PMC · DOI: 10.7759/cureus.101520 · 2026-01-14

## TL;DR

This study explores how differences in values between people with mental illness and their care providers affect shared decision making in psychiatric care.

## Contribution

The study introduces the concept of 'dissensus' as a context-specific, unresolved value conflict in shared decision making.

## Key findings

- Service users felt clinical recovery was prioritized over personal recovery.
- Service users reported limited opportunities for self-disclosure due to hierarchical provider positioning.

## Abstract

Objective: Shared decision making (SDM) is fundamental to personal recovery; however, the values held by service users and care providers often differ. This study aimed to focus on dissensus, defined as a state in which value- and opinion-based differences between service users and care providers are not resolved but are maintained according to specific contexts, and to clarify the experiences through which service users recognized dissensus with care providers in psychiatric care settings.

Methods: Focus group interviews (FGIs) were conducted with six service users with prior experience of receiving psychiatric treatment or services. The data were analyzed using thematic analysis.

Results: Two major themes were identified as experiences of dissensus: the perception that clinical recovery was prioritized over personal recovery, and the feeling that opportunities for self-disclosure were constrained by the superior hierarchical positioning of care providers.
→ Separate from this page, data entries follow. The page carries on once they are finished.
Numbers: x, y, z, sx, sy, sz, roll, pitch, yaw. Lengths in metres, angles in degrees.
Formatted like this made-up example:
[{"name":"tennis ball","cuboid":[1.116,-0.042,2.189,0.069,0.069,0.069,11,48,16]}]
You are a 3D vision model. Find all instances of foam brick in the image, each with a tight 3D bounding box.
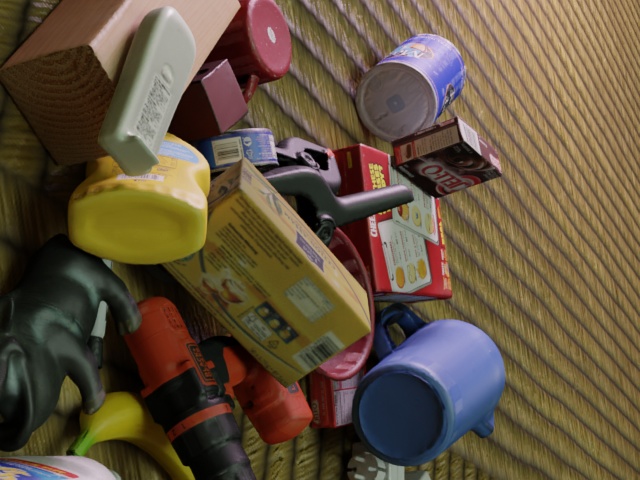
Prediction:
[{"name":"foam brick","cuboid":[-0.112,-0.117,0.914,0.053,0.078,0.051,-52,129,-54]}]

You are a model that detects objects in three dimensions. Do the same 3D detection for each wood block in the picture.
[{"name":"wood block","cuboid":[-0.151,-0.160,0.842,0.090,0.090,0.206,62,33,-32]}]

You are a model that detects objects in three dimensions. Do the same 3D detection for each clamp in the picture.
[{"name":"clamp","cuboid":[-0.006,0.001,0.978,0.209,0.036,0.164,20,88,-44]},{"name":"clamp","cuboid":[-0.016,-0.061,1.078,0.120,0.039,0.171,54,27,10]}]

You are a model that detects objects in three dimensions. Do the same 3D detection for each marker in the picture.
[{"name":"marker","cuboid":[-0.171,0.044,0.819,0.020,0.020,0.121,33,54,-55]}]

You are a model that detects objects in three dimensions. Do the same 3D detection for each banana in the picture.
[{"name":"banana","cuboid":[-0.132,0.164,0.841,0.197,0.037,0.069,42,56,-50]}]

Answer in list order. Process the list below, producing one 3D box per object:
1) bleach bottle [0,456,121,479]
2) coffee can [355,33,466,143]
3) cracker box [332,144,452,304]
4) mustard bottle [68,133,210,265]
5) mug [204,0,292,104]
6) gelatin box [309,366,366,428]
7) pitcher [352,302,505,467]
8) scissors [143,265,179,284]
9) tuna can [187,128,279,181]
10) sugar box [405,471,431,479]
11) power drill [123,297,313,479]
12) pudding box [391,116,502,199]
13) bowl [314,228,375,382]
[{"name":"bleach bottle","cuboid":[-0.208,0.163,0.651,0.250,0.103,0.068,16,82,-67]},{"name":"coffee can","cuboid":[0.116,-0.192,1.337,0.140,0.103,0.103,-47,123,-56]},{"name":"cracker box","cuboid":[0.075,-0.011,1.242,0.213,0.072,0.164,9,72,-60]},{"name":"mustard bottle","cuboid":[-0.133,-0.043,0.820,0.191,0.096,0.058,-101,-167,-67]},{"name":"mug","cuboid":[-0.080,-0.170,0.984,0.093,0.082,0.117,40,48,-51]},{"name":"gelatin box","cuboid":[0.019,0.160,1.131,0.089,0.030,0.073,7,77,-62]},{"name":"pitcher","cuboid":[0.112,0.158,1.170,0.242,0.149,0.145,-9,109,-71]},{"name":"scissors","cuboid":[-0.087,0.040,0.933,0.201,0.016,0.096,53,45,-17]},{"name":"tuna can","cuboid":[-0.081,-0.075,0.951,0.086,0.086,0.034,-8,87,-62]},{"name":"sugar box","cuboid":[0.086,0.335,1.188,0.176,0.048,0.093,-30,108,-59]},{"name":"power drill","cuboid":[-0.072,0.134,0.870,0.184,0.057,0.187,63,15,16]},{"name":"pudding box","cuboid":[0.147,-0.093,1.235,0.113,0.090,0.039,33,45,-51]},{"name":"bowl","cuboid":[-0.009,0.064,1.069,0.161,0.055,0.162,26,58,-51]}]
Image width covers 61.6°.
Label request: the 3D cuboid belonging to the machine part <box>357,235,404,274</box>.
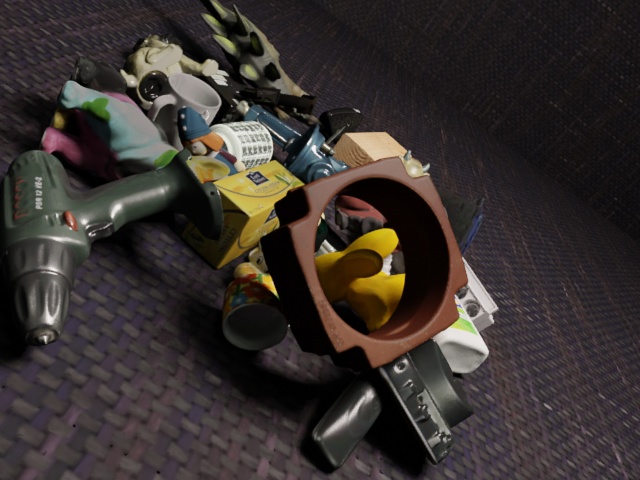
[{"bbox_3d":[0.135,0.014,0.885,0.079,0.079,0.243,17,16,-35],"label":"machine part"}]

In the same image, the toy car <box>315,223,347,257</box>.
[{"bbox_3d":[-0.002,-0.003,0.828,0.202,0.056,0.073,46,22,13],"label":"toy car"}]

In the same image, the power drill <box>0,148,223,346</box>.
[{"bbox_3d":[-0.205,-0.012,0.533,0.207,0.085,0.232,-21,51,-23],"label":"power drill"}]

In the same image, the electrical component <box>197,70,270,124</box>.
[{"bbox_3d":[-0.177,-0.265,1.013,0.134,0.058,0.115,50,28,21],"label":"electrical component"}]

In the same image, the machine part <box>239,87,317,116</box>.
[{"bbox_3d":[-0.073,-0.257,0.982,0.139,0.039,0.084,1,8,-37],"label":"machine part"}]

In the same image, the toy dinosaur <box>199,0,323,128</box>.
[{"bbox_3d":[-0.152,-0.395,1.106,0.472,0.105,0.198,48,3,16],"label":"toy dinosaur"}]

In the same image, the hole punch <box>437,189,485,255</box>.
[{"bbox_3d":[0.229,-0.018,0.988,0.116,0.142,0.092,24,-24,30],"label":"hole punch"}]

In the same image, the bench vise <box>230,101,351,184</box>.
[{"bbox_3d":[-0.046,-0.170,0.964,0.240,0.129,0.224,35,25,-15],"label":"bench vise"}]

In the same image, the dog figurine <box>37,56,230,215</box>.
[{"bbox_3d":[-0.229,-0.121,0.689,0.219,0.108,0.192,28,26,-28],"label":"dog figurine"}]

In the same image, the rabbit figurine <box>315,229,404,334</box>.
[{"bbox_3d":[0.057,0.068,0.717,0.173,0.162,0.122,24,38,12],"label":"rabbit figurine"}]

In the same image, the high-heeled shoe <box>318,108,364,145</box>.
[{"bbox_3d":[0.020,-0.265,1.166,0.145,0.086,0.248,37,6,20],"label":"high-heeled shoe"}]

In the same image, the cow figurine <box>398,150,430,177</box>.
[{"bbox_3d":[0.167,-0.096,1.089,0.085,0.127,0.195,32,31,-19],"label":"cow figurine"}]

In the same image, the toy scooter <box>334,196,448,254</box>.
[{"bbox_3d":[0.096,-0.028,0.816,0.184,0.075,0.135,12,32,19],"label":"toy scooter"}]

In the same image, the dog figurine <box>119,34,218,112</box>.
[{"bbox_3d":[-0.287,-0.290,0.899,0.191,0.121,0.172,39,21,32],"label":"dog figurine"}]

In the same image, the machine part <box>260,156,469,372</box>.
[{"bbox_3d":[0.050,0.024,0.587,0.201,0.087,0.201,-22,93,-30],"label":"machine part"}]

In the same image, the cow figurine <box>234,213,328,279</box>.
[{"bbox_3d":[-0.043,0.013,0.710,0.068,0.098,0.167,45,27,0],"label":"cow figurine"}]

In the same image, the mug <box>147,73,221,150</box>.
[{"bbox_3d":[-0.210,-0.175,0.785,0.081,0.107,0.109,40,32,6],"label":"mug"}]

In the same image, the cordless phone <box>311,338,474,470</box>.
[{"bbox_3d":[0.078,0.206,0.597,0.184,0.089,0.146,-37,102,-41],"label":"cordless phone"}]

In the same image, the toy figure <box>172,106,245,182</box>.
[{"bbox_3d":[-0.152,-0.120,0.761,0.154,0.064,0.058,54,7,-42],"label":"toy figure"}]

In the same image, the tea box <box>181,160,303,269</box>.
[{"bbox_3d":[-0.097,-0.039,0.726,0.068,0.098,0.169,41,30,7],"label":"tea box"}]
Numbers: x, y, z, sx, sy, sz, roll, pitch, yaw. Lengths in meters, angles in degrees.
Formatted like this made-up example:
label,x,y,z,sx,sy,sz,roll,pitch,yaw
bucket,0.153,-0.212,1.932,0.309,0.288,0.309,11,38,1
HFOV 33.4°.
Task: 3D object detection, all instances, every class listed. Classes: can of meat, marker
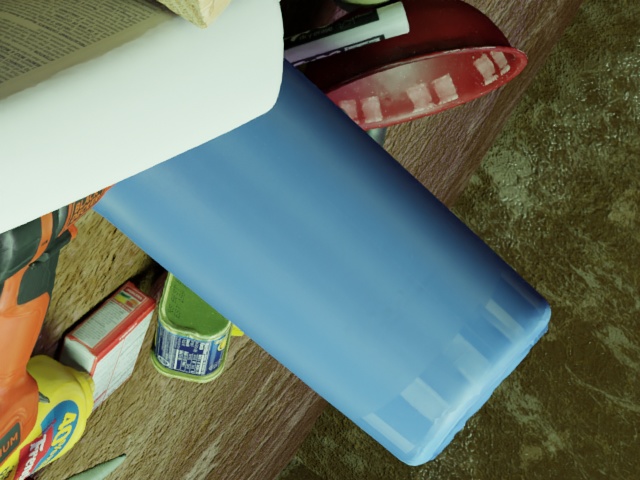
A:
label,x,y,z,sx,sy,sz,roll,pitch,yaw
can of meat,-0.087,0.041,0.777,0.084,0.057,0.102,110,-9,-62
marker,-0.007,-0.115,0.636,0.121,0.020,0.020,-16,172,5

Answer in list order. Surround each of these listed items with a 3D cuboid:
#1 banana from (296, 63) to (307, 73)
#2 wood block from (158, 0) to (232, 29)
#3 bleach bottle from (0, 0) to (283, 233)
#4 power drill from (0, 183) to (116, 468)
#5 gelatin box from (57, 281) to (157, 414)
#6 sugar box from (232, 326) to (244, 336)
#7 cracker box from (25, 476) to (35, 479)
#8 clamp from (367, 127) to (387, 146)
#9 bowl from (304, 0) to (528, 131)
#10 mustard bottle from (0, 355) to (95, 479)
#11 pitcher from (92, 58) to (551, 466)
label,x,y,z,sx,sy,sz,roll,pitch,yaw
banana,-0.013,-0.109,0.783,0.197,0.037,0.070,-46,-179,-39
wood block,-0.013,-0.184,0.343,0.206,0.090,0.091,-53,169,-12
bleach bottle,-0.122,-0.038,0.345,0.250,0.103,0.068,-35,135,-46
power drill,-0.150,0.037,0.459,0.188,0.057,0.184,-63,176,29
gelatin box,-0.156,0.082,0.753,0.073,0.030,0.089,-47,167,-49
sugar box,-0.047,0.005,0.979,0.176,0.048,0.093,-54,171,1
cracker box,-0.197,0.255,0.701,0.164,0.072,0.214,-51,-152,-21
clamp,0.049,-0.116,0.938,0.172,0.039,0.120,109,-22,-49
bowl,0.053,-0.121,0.710,0.162,0.055,0.162,-13,173,-2
mustard bottle,-0.188,0.116,0.620,0.096,0.058,0.191,-56,171,22
pitcher,-0.004,0.001,0.564,0.149,0.243,0.145,-34,161,-50
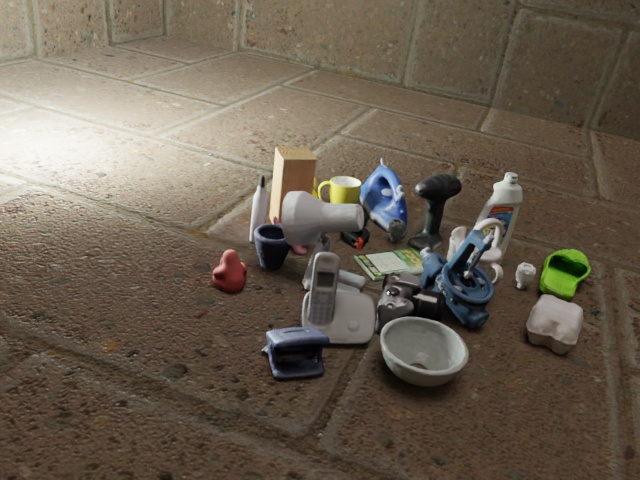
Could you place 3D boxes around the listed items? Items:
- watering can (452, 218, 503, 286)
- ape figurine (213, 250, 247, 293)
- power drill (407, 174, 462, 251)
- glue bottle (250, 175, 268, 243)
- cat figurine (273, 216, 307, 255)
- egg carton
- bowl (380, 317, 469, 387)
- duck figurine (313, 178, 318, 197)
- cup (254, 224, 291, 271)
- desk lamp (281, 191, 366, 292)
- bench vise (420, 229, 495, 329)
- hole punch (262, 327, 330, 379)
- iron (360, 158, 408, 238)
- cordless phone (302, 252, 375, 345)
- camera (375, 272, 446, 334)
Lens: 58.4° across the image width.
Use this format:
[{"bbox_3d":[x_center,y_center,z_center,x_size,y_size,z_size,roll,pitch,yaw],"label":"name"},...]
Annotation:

Discussion: The findings highlight a gap between the values of service users, who prioritize opportunities for challenge, autonomy, and identity reconstruction within equitable and collaborative relationships, and those of care providers, who prioritize safety, risk management, and role-based professional responsibilities. These dynamics suggest the importance of supporting collaborative partnerships that reconcile conflicting values in psychiatric care.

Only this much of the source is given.